133. Rebecca


The 1001 book claims that Welles got the idea for Kane‘s Xanadu from the monster Manderly estate in Rebecca. Clearly, that ain’t all. Rebecca feels more like a Welles movie than a Hitchcock: the stunning, chiaroscuro cinematography of George Barnes, the tight close-ups on faces with something to hide, and perhaps most memorably, the juxtaposition of happy, carefree “home movies” against a confrontation in the shadow of the projector.

In fact, while it’s a riveting movie, much of Hitchcock’s brio feels stifled, no doubt by producer David Selznick’s massive ego and control freakishness. Why else would it be overscored to soap opera levels, with swoony violins and Wurlitzer glissandos whenever Mrs. Danvers (Judith Anderson) gets all creepy? Fortunately, Selznick was busy editing GWTW while Hitch was shooting, and the latter was smart enough to edit in camera – in other words, shoot only what he wanted in his final cut, so that there’d be no chance for Selznick to muck things up too badly in post production.

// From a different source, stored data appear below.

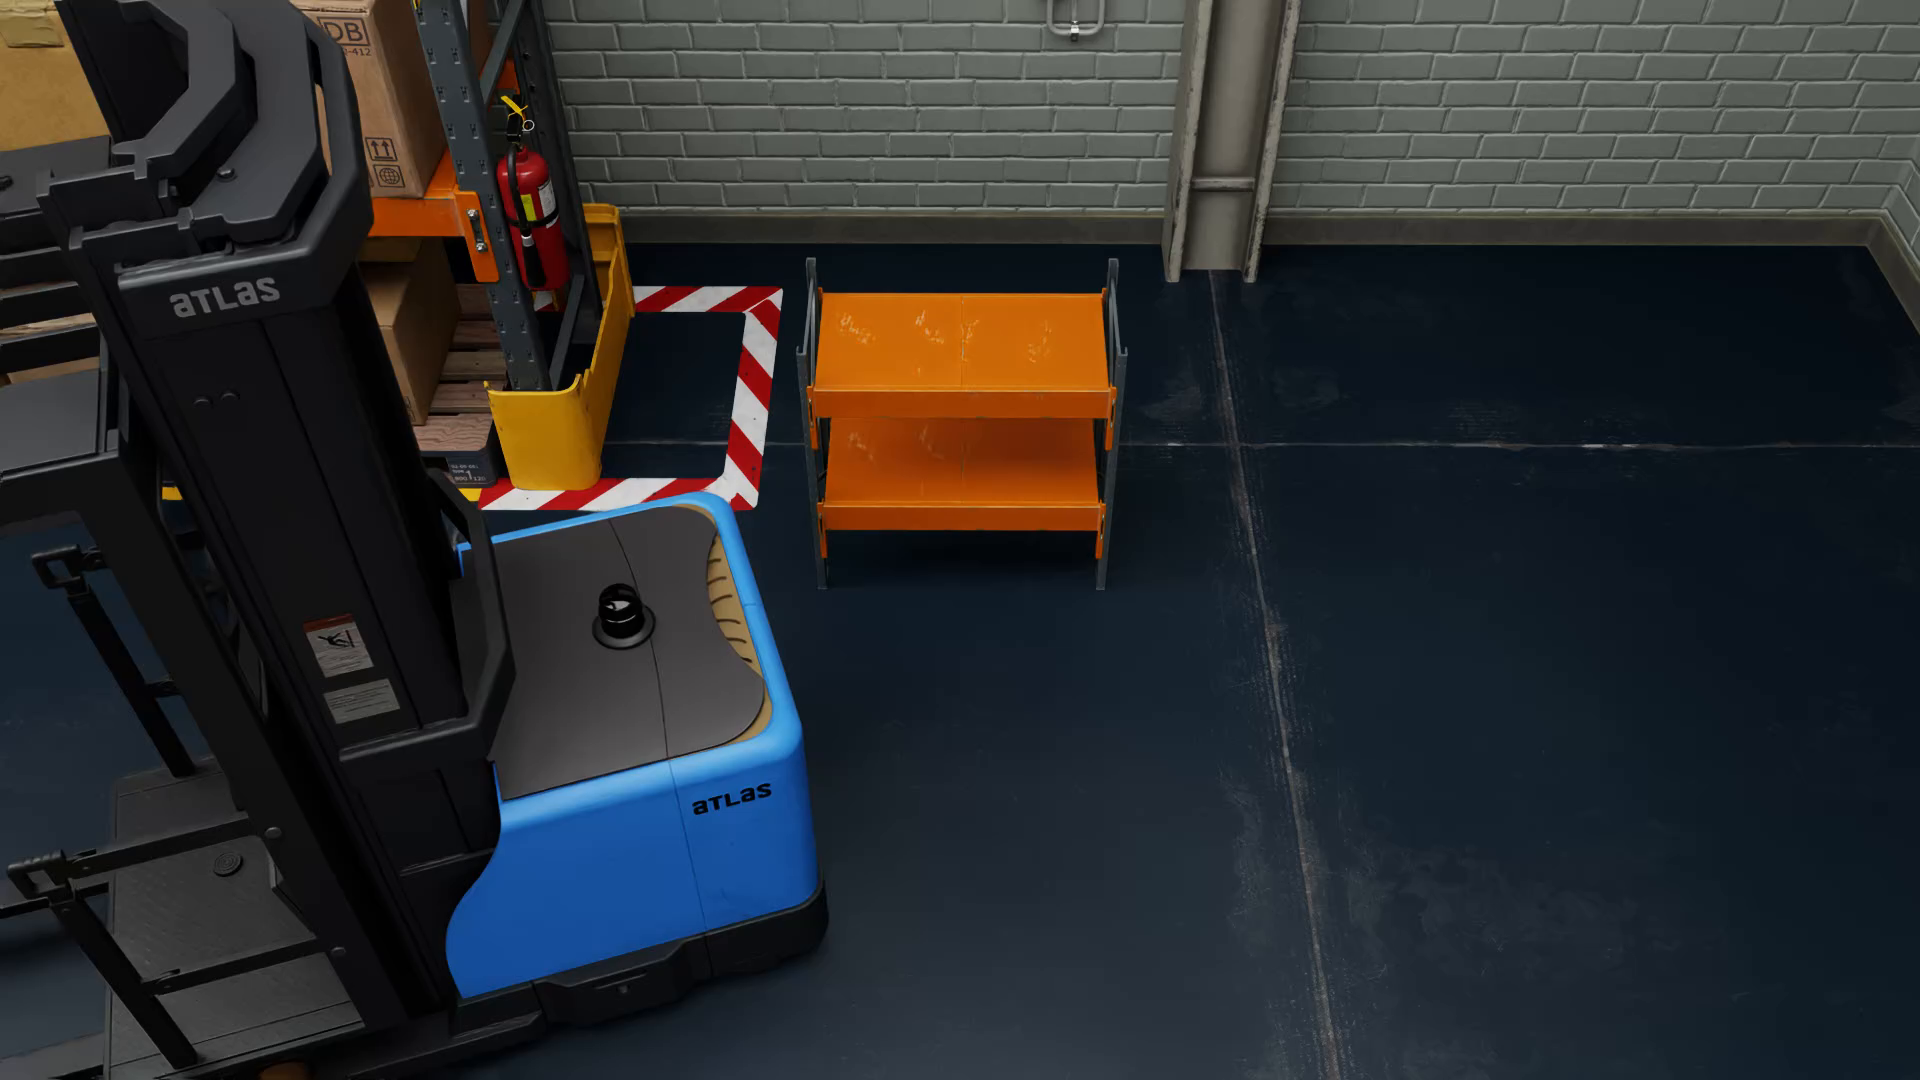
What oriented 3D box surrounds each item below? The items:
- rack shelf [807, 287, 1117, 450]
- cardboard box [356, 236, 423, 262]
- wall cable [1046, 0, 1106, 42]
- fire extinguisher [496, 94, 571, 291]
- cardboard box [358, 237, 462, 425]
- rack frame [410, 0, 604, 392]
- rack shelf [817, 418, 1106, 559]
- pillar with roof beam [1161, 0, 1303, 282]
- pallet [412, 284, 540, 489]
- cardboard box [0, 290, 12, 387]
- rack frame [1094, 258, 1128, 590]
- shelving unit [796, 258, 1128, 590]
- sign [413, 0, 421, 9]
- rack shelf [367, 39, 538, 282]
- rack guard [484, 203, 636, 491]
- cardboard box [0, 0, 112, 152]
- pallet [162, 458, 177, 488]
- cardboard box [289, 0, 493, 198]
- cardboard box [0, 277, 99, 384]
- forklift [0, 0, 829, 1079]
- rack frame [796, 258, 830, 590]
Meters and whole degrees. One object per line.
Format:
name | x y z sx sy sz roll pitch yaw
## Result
rack shelf | 0.007 -0.583 5.624 1.000 0.278 0.538 0 47 0
cardboard box | -2.172 -1.229 6.323 0.250 0.149 0.380 0 47 0
wall cable | -0.313 -2.677 5.998 1.851 1.984 0.084 0 47 0
fire extinguisher | -1.448 -1.150 5.579 0.183 0.674 0.296 0 47 0
cardboard box | -2.298 -0.862 6.424 0.500 0.500 0.700 0 47 0
rack frame | -1.597 -1.642 5.729 0.127 3.000 1.000 0 47 0
rack shelf | 0.007 -0.217 6.017 1.000 0.278 0.538 0 47 0
pillar with roof beam | 1.090 -1.161 1.183 0.400 9.000 9.100 0 47 0
pallet | -2.397 -0.637 6.699 1.213 0.211 1.003 0 47 0
cardboard box | -3.834 -0.860 6.422 0.500 0.500 0.700 1 47 1
rack frame | 0.515 -0.382 5.837 0.032 1.125 0.500 0 47 0
shelving unit | 0.007 -0.383 5.838 1.048 1.125 0.538 0 47 0
sign | -1.613 -1.720 4.849 0.005 0.325 0.100 0 47 0
rack shelf | -3.597 -1.402 5.997 4.000 0.370 1.077 0 47 0
rack guard | -1.573 -0.790 6.644 0.348 0.500 1.175 0 47 0
cardboard box | -2.835 -1.732 5.608 0.700 0.700 0.980 0 47 0
pallet | -3.614 -0.642 6.704 1.213 0.211 1.003 0 47 0
cardboard box | -2.107 -1.738 5.614 0.700 0.700 0.980 2 47 2
cardboard box | -3.301 -0.864 6.426 0.500 0.500 0.700 -1 47 -1
forklift | -1.975 0.240 4.025 3.031 2.935 1.130 -13 48 -12
rack frame | -0.502 -0.385 5.840 0.032 1.125 0.500 0 47 0

The 1001 book attributes the melodrama to Du Maurier, but I’d blame the producer. I haven’t read the novel, but Du Maurier’s short stories are small masterpieces of evocation; certainly the great movies made from her works, Hitch’s The Birds and Nicolas Roeg’s Don’t Look Now, tap into the author’s delicate handling of characters in permanent, quietly hostile mourning. It’s doubtless due to Hitchcock’s tight rein that the movie is as haunting and powerful as it is. And it’s not completely without humor. George Sanders plays a ne’er-do-well with his customary purr and swagger, and the scene where Mrs. Danvers lovingly fondles the late Rebecca’s underwear is high camp done executed with a straight face.

Meanwhile, Olivier is much better here than in Wuthering Heights; his feyness lends itself to Maxim de Winter’s dangerous charm, and he seems slippery enough to ensnare a young naive woman like the unnamed title character, a quality consistent with the book. He was apparently as disdainful of Joan Fontaine as he had been of Merle Oberon in the other movie, and he and Hitchcock were cruelly brusque with her throughout shooting; it’s no wonder the character’s nervous Nellyness is so effective, she was living the part.

But like her sister, Olivia de Havilland, Fontaine proves to be steely under pressure. When, after the famous costume party humiliation, she turns on her heel and immediately confronts Mrs. Danvers, you want to cheer. Of course, Mrs. D will turn the tables in a minute, but you can’t help but admire Fontaine’s considerable pluck in the face of massive odds stacked against her. And she’s brilliantly shot; one minute, she’s a little mouse who’s trying too hard, but the next, when she’s not trying at all, she’s beautiful.

Selznick won his Oscar for Best Picture and Barnes would take the cinematography prize, but Hitchcock got stiffed as director for the first but not last time. In truth, it was a bit of a nutty year, with Philadelphia Story, Grapes of Wrath, and Hitch’s own Foreign Correspondent also in the running, with John Ford taking home the director prize for Grapes. What matters most is that the movie was a hit and proved Hitchcock could bring in the bucks, setting him up in Hollywood to deliver some of the greatest movies ever made over the next decades. For that alone, Rebecca deserves the movie lover’s deep gratitude.


132. His Girl Friday

No question that the pairing of Cary Grant with Irene Dunne makes good fun sense, or that the combo with Katherine Hepburn is a delight. But Grant with Rosalind Russell? Inspired, perhaps divine. Dunne is smart and snarky, Kate exudes entitled rich girl loopiness. But nobody embodies tough, sexy career girl better than Roz. Lean as a wire in whip-smart houndstooth suits, she crackles to Grant’s snaps and pops, resulting in some of the greatest electricity ever recorded on film.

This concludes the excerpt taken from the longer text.